I am trying to get a value from the chrome.storage API and assign it to a variable. Here's the scenario, when I am in debug mode and step through my code everything works fine, but when I am not in debug mode I don't get the correct return value. What I find really interesting is that if I put in an alert message between the assignment of the variable and the if statement that it also works. Also, if I try to set a timeout or kill time with a while loop the results are the same.
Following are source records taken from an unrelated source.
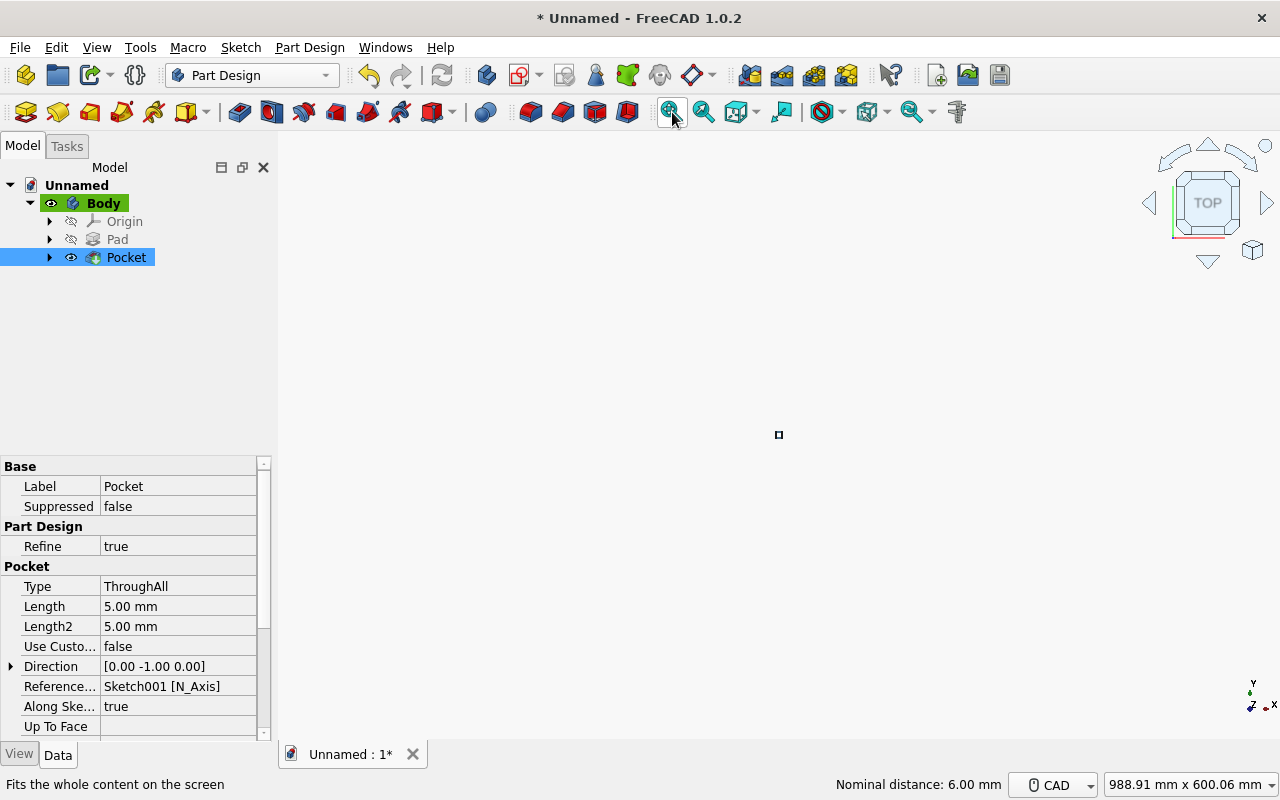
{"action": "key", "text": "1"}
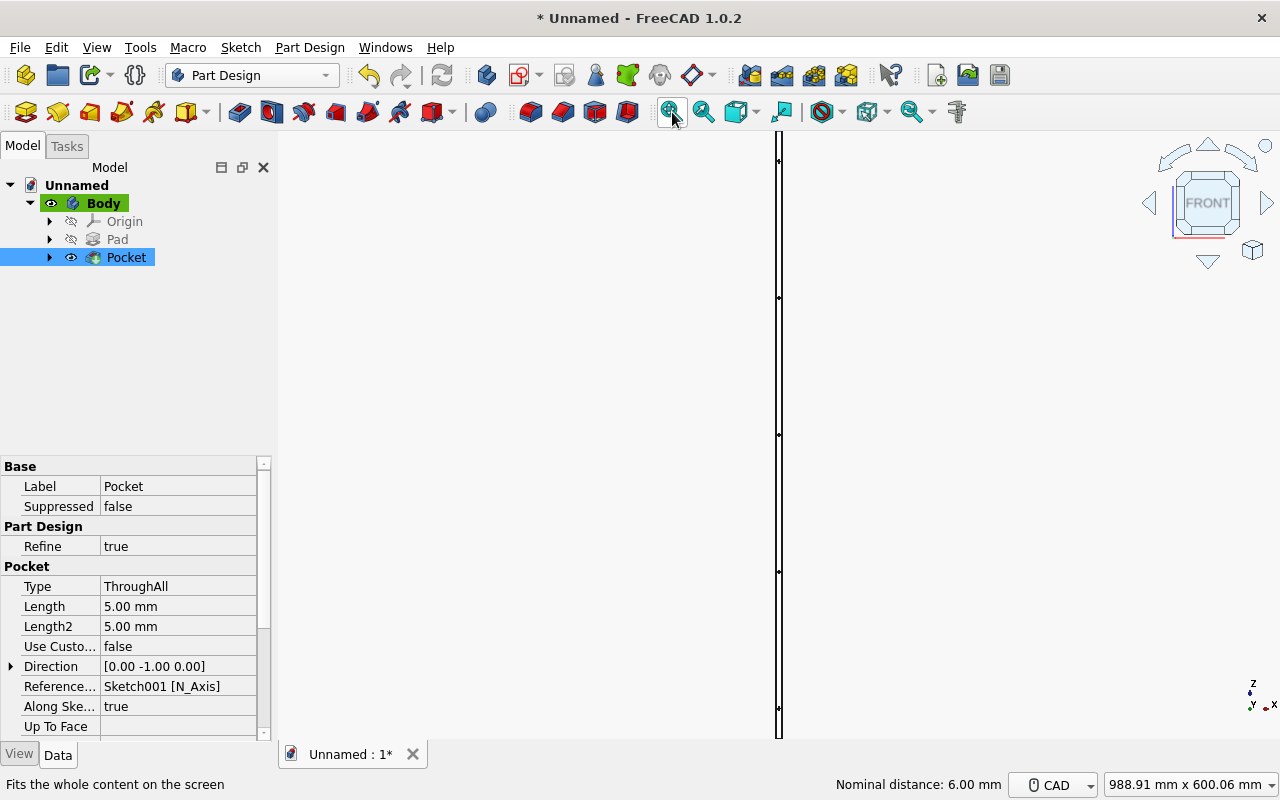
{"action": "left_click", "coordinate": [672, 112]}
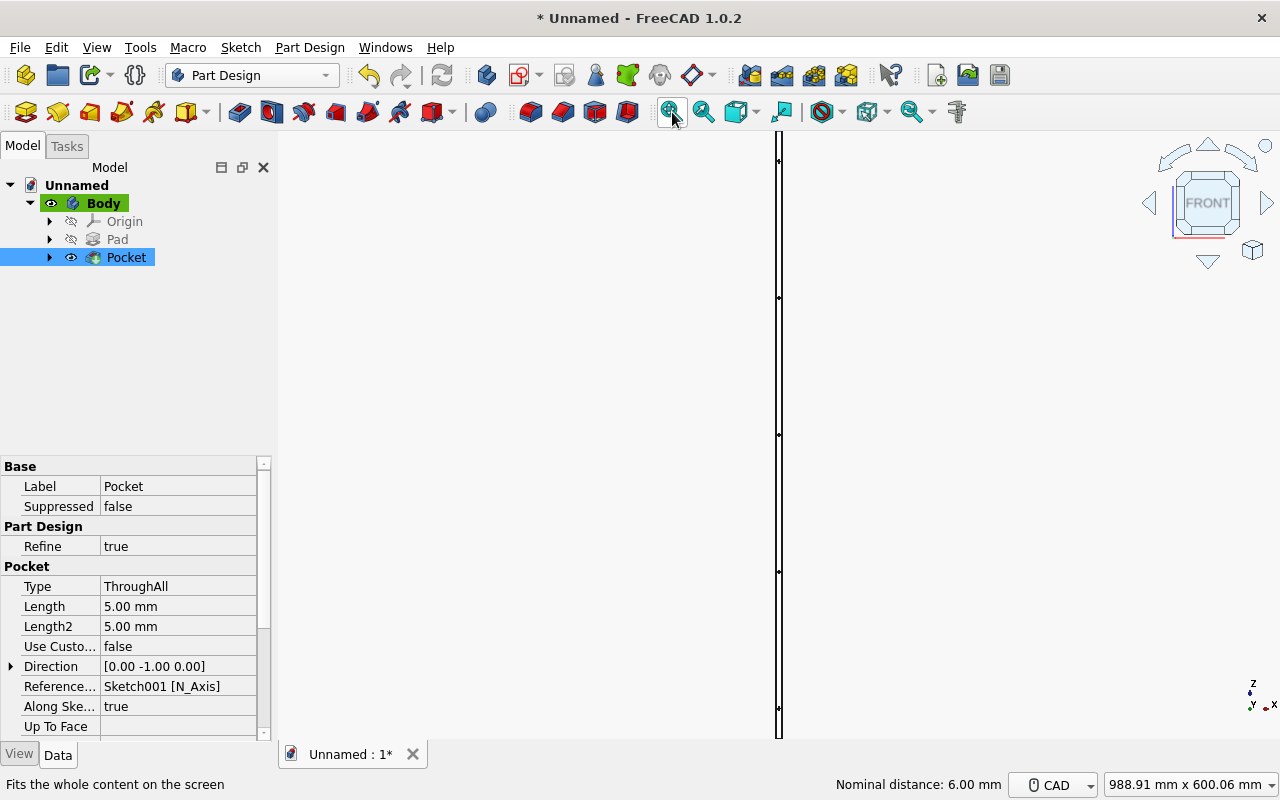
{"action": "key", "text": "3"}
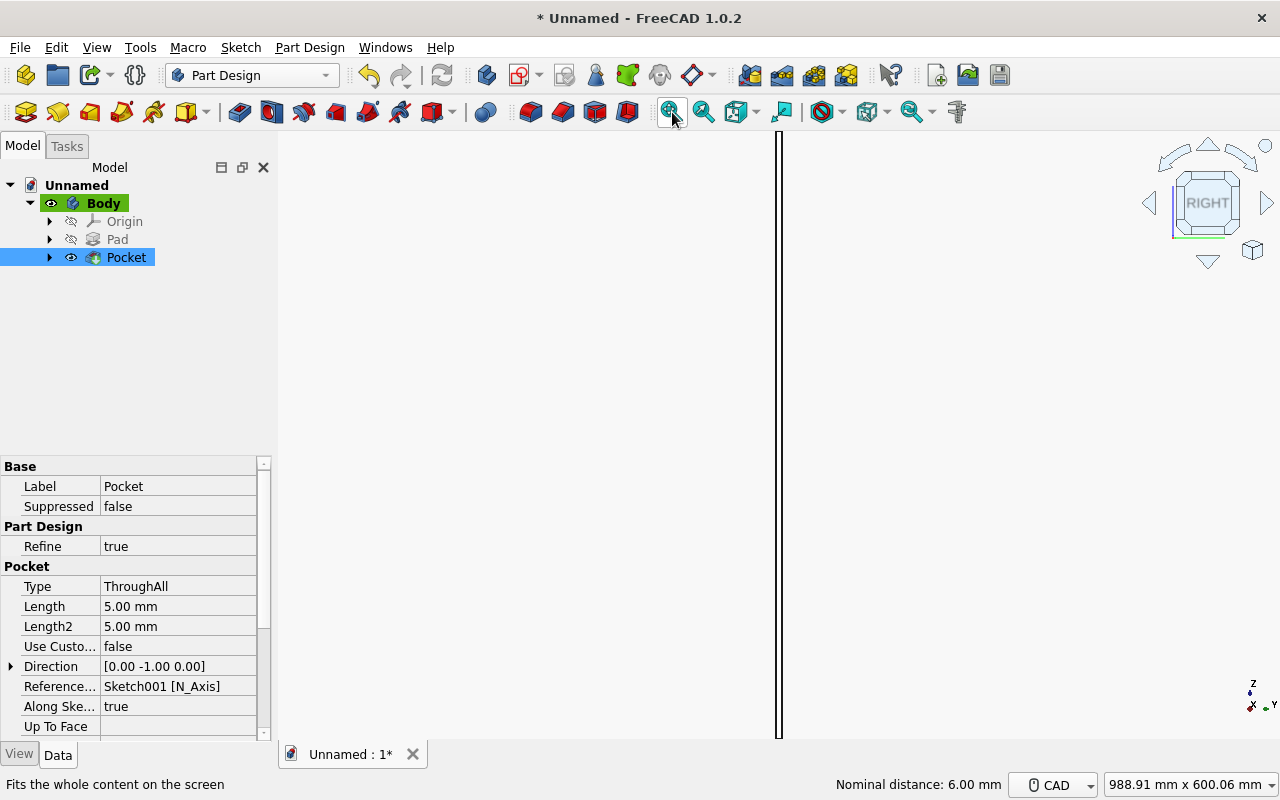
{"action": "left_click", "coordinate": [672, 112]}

This may be happening because of asynchronicity, as the docs on the Google site state, even though I am using a return value as I am directed to do. I have also tried LocalStorage and SendMessage from my inject.js to my background.js and I get the exact same results.

There are other methods that I've used to try and store my variable, such as, writing a text file to the user's local computer and accessing the clipboard copy and paste functions. These gave me security errors as injected code can't access these functionalities for the obvious reasons.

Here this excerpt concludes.